Paper Structure (13 sections, 12 equations, 5 figures, 6 tables)

This paper contains 13 sections, 12 equations, 5 figures, 6 tables.

Figures (5)

  • Figure 1: Illustration of temporal consistency across three distinct human action sequences. (a) A person walks forward; (b) A person walks and sits down; (c) A person sits down and stands up. Despite differences in kinematic details, these sequences exhibit shared temporal structures. Enforcing temporal alignment in the latent space ensures that motion representation encoder $E$ maps corresponding action phases across sequences to similar representations. This constraint enables the learned motion representation to capture semantic information while preserving temporal consistency, which is essential for the subsequent text-conditioned motion generation stage in T2M.
  • Figure 2: Method overview. (a) Temporal consistency-aware spatial VQ-VAE employs hierarchical residual quantization to discretize motion features, incorporates cycle-consistency constraints to enforce temporal coherence, and utilizes a kinematic constraint block to refine motion details. (b) Masked motion transformer adopts a dual-transformer structure for cross-modal text-motion synthesis.

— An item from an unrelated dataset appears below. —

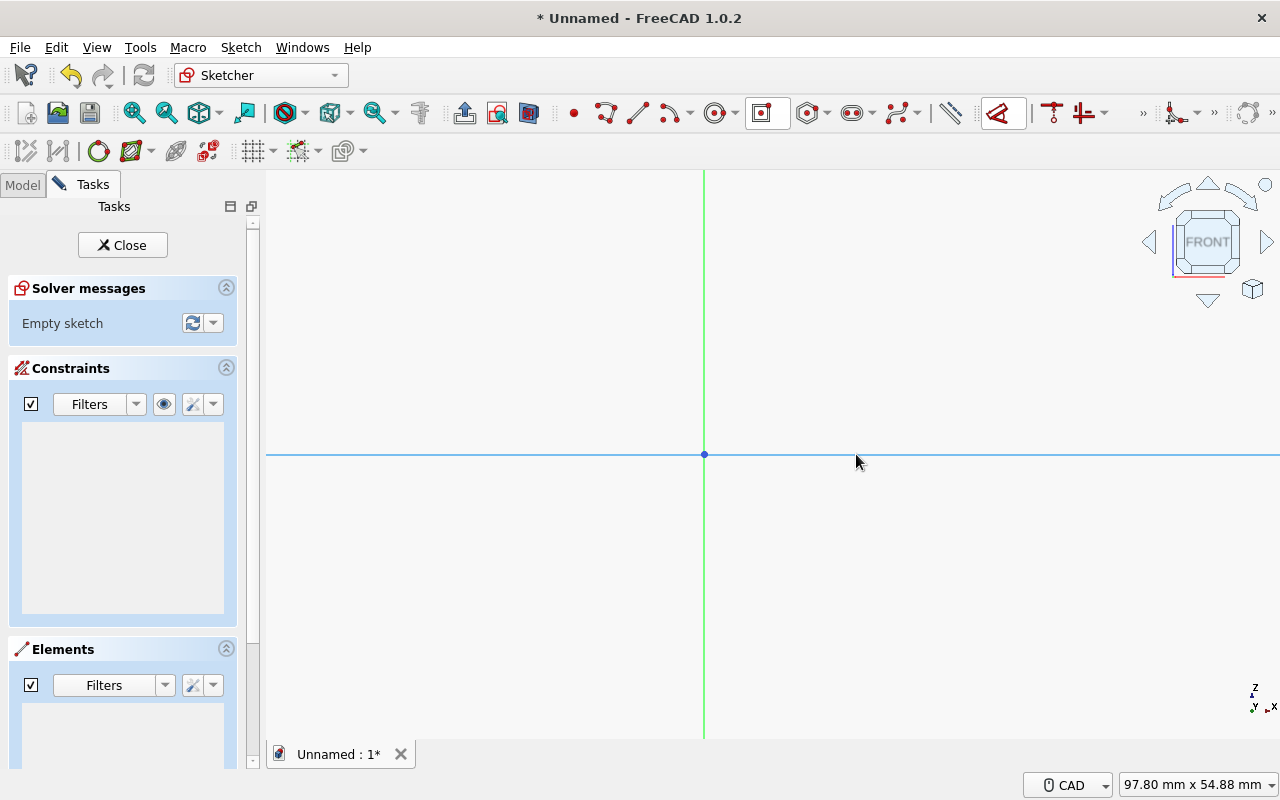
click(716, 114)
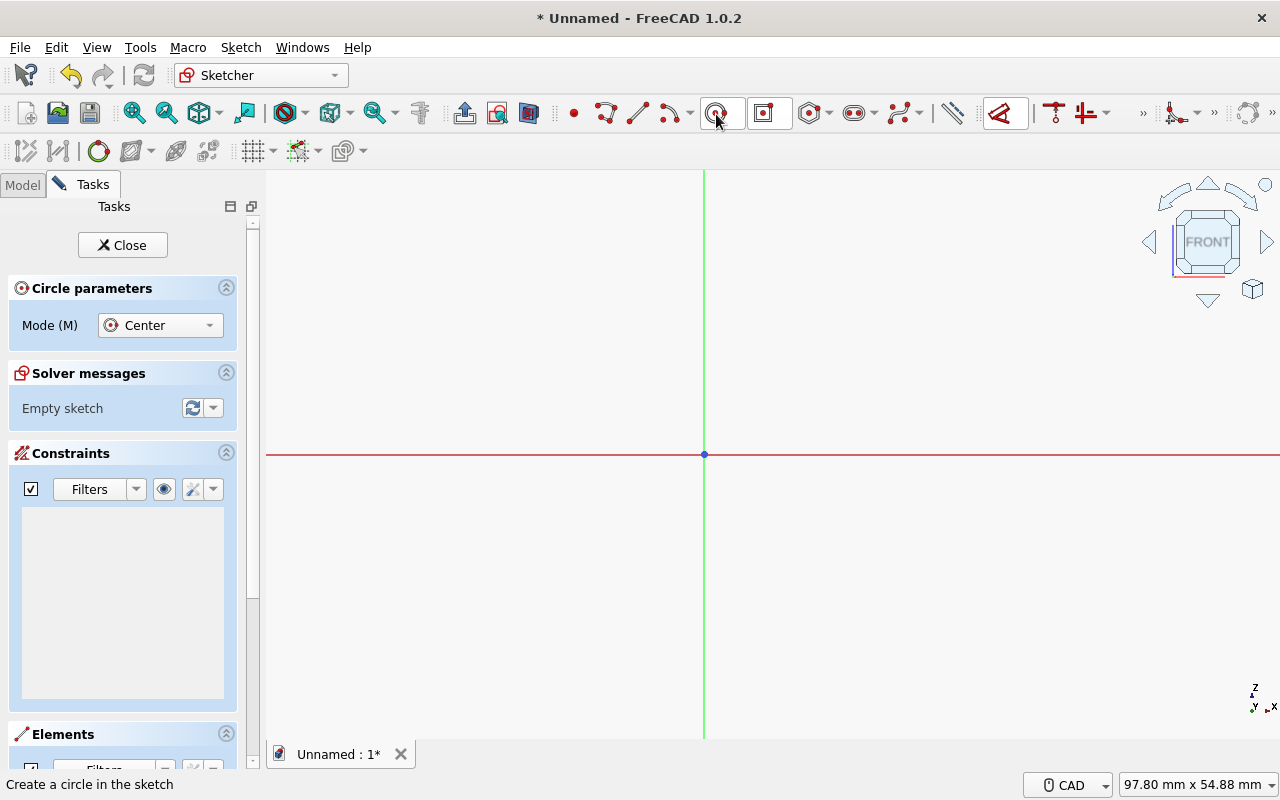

Specifically, the motion transformer restores masked motion tokens under CLIP text guidance, while the residual transformer predicts successive residual tokens using textual context and preceding token sequences.
  • Figure 3: Qualitative comparisons between MDMtevet2022human and our method across representative motion from the HumanML3D dataset. Key frames highlight critical motion details. The visual comparisons underscore our method's strength in semantic comprehension of textual prompts and consistent action execution across multi-step sequences with dynamic environment adaptation.
  • Figure 4: Visualizations of long motion generation and zero-shot motion generation. (a) Long motion generation. We integrate three text prompts---"a person walks forward then turns right","a person crawling from right to left" and"the person is walking in a counterclockwise circl"—to generate a long-sequence motion. (b) Zero-shot generation. We separately test the text prompts"A person is climbing a ladde" and"A person is rolling" to generate zero-shot motion sequences.
  • Figure 5: Visualizations of failure cases of our approach. (a) shows that a person walks up stairs. Then the person turns right and walks back down stairs. (b) shows a man walking backwards. Then, he punches and kicks. (c) shows a man getting down on his hands and feet and crawling forward. Then, he turns around and crawls back before standing up again.